ACEH SINGKIL (Aceh) ketikberita.com | Penjabat Bupati Aceh Singkil, Azmi, mengungkapkan bahwa terbitnya Undang-Undang Nomor 32 Tahun 2024 yang mengubah Undang-Undang Nomor 5 Tahun 1990 tentang Konservasi Sumber Daya Alam dan Ekosistemnya, telah menciptakan ketidakjelasan dalam penanganan konflik buaya di daerahnya.

Azmi menilai perubahan tersebut mengalihkan kewenangan penanganan konflik buaya dan interaksi antara manusia atau nelayan dengan buaya dari Balai Konservasi Sumber Daya Alam (BKSDA) kepada Kementerian Kelautan dan Perikanan (KKP), yang berdampak pada kesulitan dalam menangani ancaman buaya.

“Artinya, penanganan konservasi buaya dan konflik dengan manusia atau nelayan di perairan, pulau-pulau kecil, serta sungai tidak lagi menjadi kewenangan BKSDA,” ujar Azmi pada Sabtu, 1 Februari 2025.

Azmi juga menyoroti kebingungan yang muncul di kalangan masyarakat dan pemangku kepentingan terkait, mengenai lembaga mana yang kini bertanggung jawab dalam menangani konflik dengan buaya. Ia menjelaskan bahwa hingga kini, belum ada petunjuk teknis atau peraturan turunan terkait undang-undang tersebut, sehingga penanganan konflik buaya masih tergantung pada keputusan pemerintah pusat.

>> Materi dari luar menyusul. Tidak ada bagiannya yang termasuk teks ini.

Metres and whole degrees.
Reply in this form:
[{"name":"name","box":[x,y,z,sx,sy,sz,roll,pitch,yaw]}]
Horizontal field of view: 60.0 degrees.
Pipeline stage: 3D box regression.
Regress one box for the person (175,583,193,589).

“Kami sudah beberapa kali mengajukan permohonan, seperti untuk penangkaran atau pengurangan populasi buaya, namun belum ada respons. Bahkan izin untuk menembak buaya secara ekstrem pun tidak diberikan. Bagaimana kami bisa menangani masalah ini kalau kewenangan kami tidak jelas? Jika kami bertindak sembarangan, tantangannya adalah pidana,” kata Azmi.

Sebagai upaya tindak lanjut, Azmi mengarahkan Kepala Dinas Perikanan Aceh Singkil untuk menyurati Penjabat Gubernur Aceh guna meminta langkah-langkah perlindungan yang lebih jelas bagi masyarakat. Ia menambahkan bahwa masalah ini tidak hanya terjadi di Aceh Singkil, tetapi juga di berbagai kabupaten dan kota lainnya di Aceh.

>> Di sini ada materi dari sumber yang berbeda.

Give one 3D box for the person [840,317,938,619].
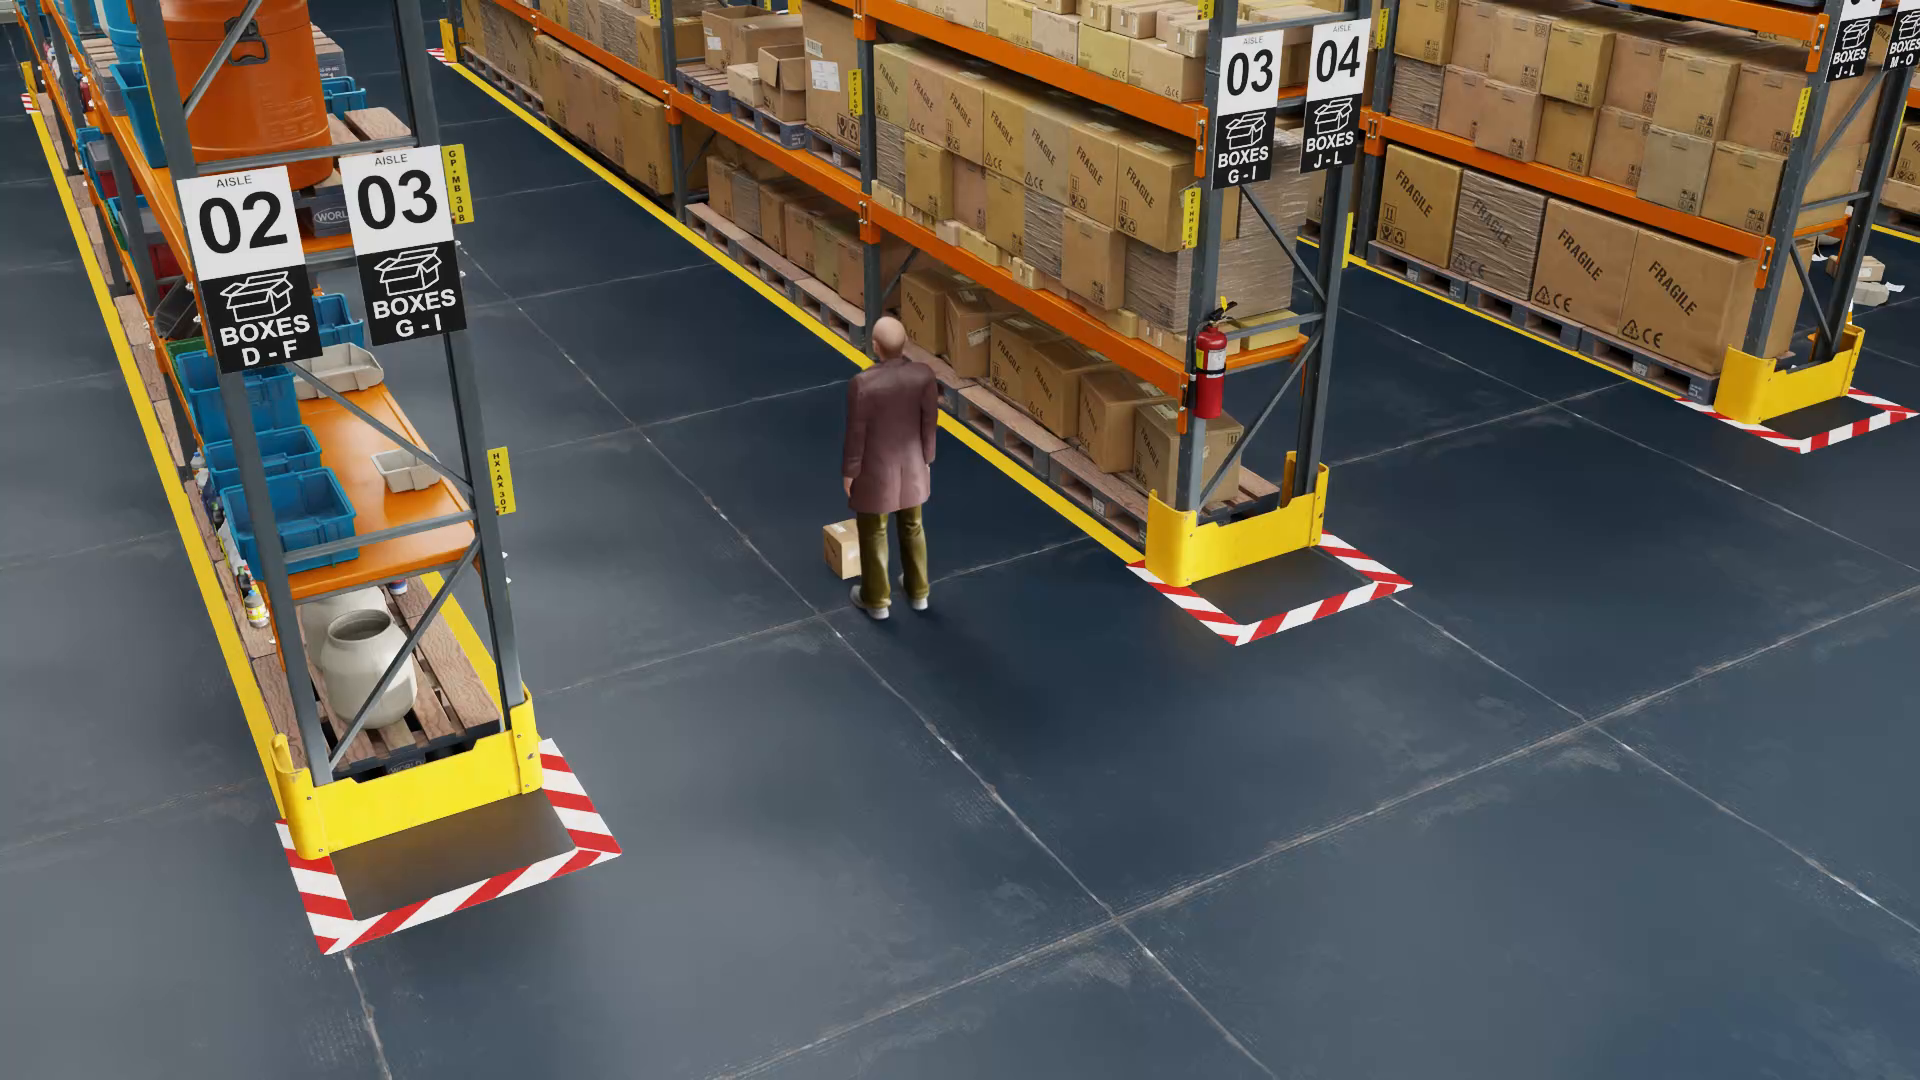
[{"bbox_3d":[-0.414,-0.418,9.326,0.578,1.783,0.398,-15,32,-26],"label":"person"}]

“Perlindungan masyarakat harus dilakukan melalui regulasi dan peraturan yang jelas. Kami meminta program perlindungan yang sesuai dengan kondisi dan kebutuhan daerah,” tegas Azmi.

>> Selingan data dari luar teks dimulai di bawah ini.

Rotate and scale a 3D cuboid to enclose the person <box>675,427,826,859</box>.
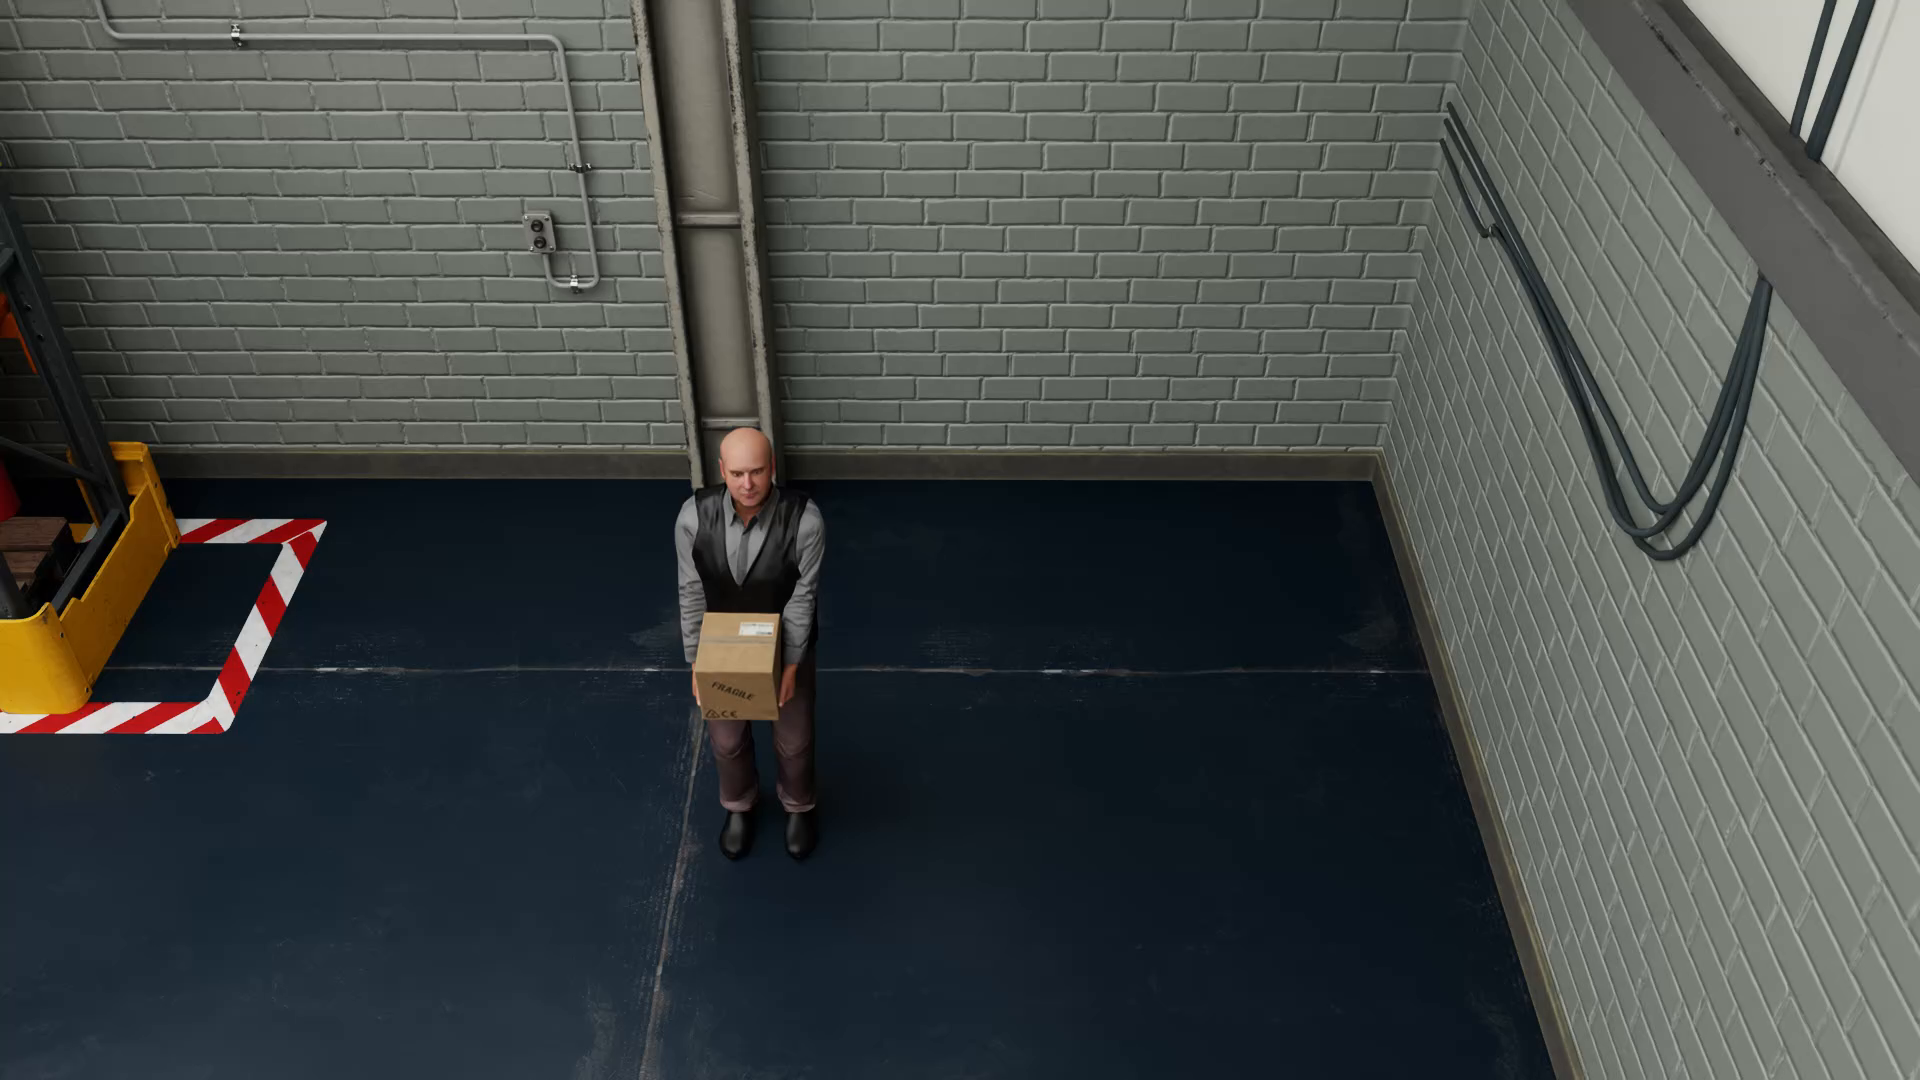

Azmi juga menekankan pentingnya pembuatan regulasi yang jelas, bukan hanya pengawasan individu. “Sekarang undang-undangnya sudah ada, tetapi penjabaran dan delegasi kewenangan ke pemerintah daerah belum jelas,” ujarnya. Dia menyarankan agar BKSDA maupun Kementerian Kelautan dan Perikanan membuat rambu-rambu wilayah yang aman dan tidak aman bagi masyarakat berdasarkan survei populasi buaya, serta melakukan sosialisasi kepada masyarakat untuk mengurangi risiko.

“Kementerian memiliki tenaga ahli untuk menghitung populasi dan menentukan area yang berisiko. Sosialisasi ke masyarakat juga harus dilakukan oleh pihak kementerian,” tambah Azmi. (R84)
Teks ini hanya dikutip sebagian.